It was November fourth 2008; Barack Obama had just made history by becoming the first African-American to be elected President of the United States. In a matter of moments he would deliver a victory speech to thousands of supporters in Chicago's Grant Park –a crowd that would be screaming and cheering as if they were awaiting Jimmy Hendrix, Janis Joplin or The Beatles rather than the President-elect.
"I was never the likeliest candidate for this office. We didn't start with much money or many endorsements. Our campaign was not hatched in the halls of Washington –it began in the backyards of Des Moines and the living rooms of Concord and the front porches of Charleston.
"It was built by working men and women who dug into what little savings they had to give five dollars and ten dollars and twenty dollars to this cause. It grew strength from the young people who rejected the myth of their generation's apathy; who left their homes and their families for jobs that offered little pay and less sleep; from the not-so-young people who braved the bitter cold and scorching heat to knock on the doors of perfect strangers; from the millions of Americans who volunteered, and organized, and proved that more than two centuries later, a government of the people, by the people and for the people has not perished from this Earth. This is your victory.

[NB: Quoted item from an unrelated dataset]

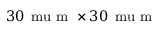<formula> <loc_0><loc_0><loc_500><loc_500>3 0 \, \ m u m \times 3 0 \, \ m u m</formula> 
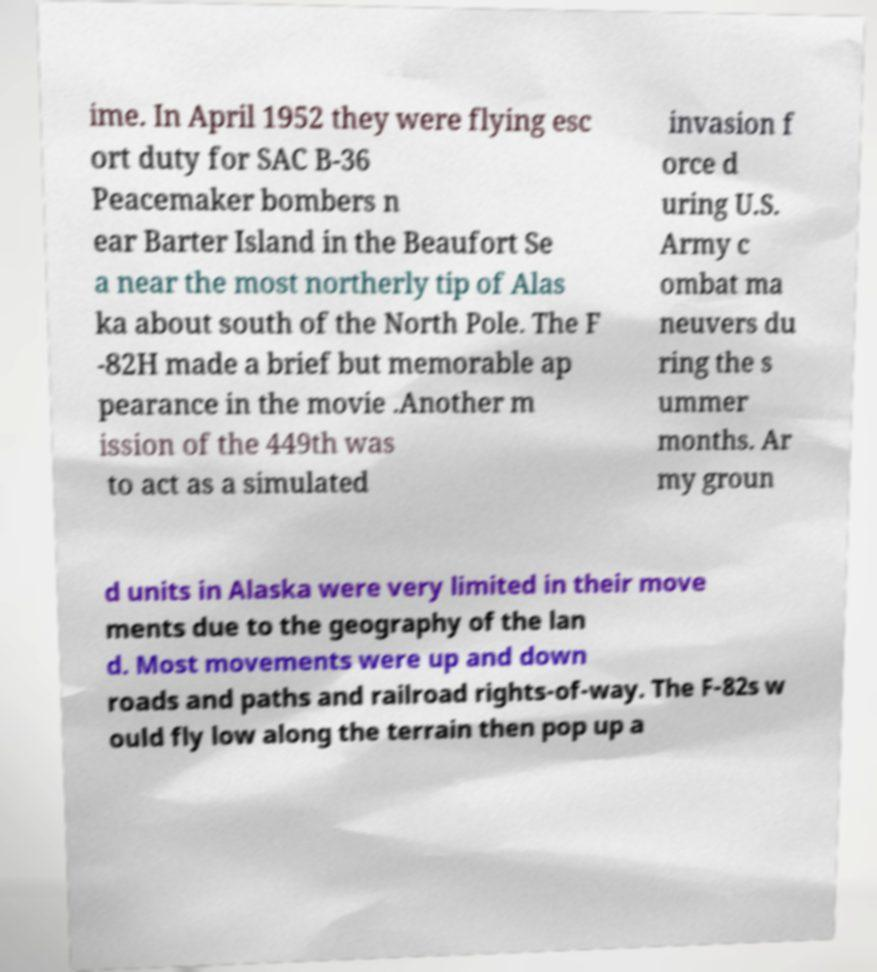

"I know you didn't do this just to win an election and I know you didn't do it for me. You did it because you understand the enormity of the task that lies ahead. For even as we celebrate tonight, we know the challenges that tomorrow will bring are the greatest of our lifetime –two wars, a planet in peril, the worst financial crisis in a century. Even as we stand here tonight, we know there are brave Americans waking up in the deserts of Iraq and the mountains of Afghanistan to risk their lives for us. There are mothers and fathers who will lie awake after their children fall asleep and wonder how they'll make the mortgage, or pay their doctor's bills, or save enough for college. There is new energy to harness and new jobs to be created, new schools to build and threats to meet and alliances to repair.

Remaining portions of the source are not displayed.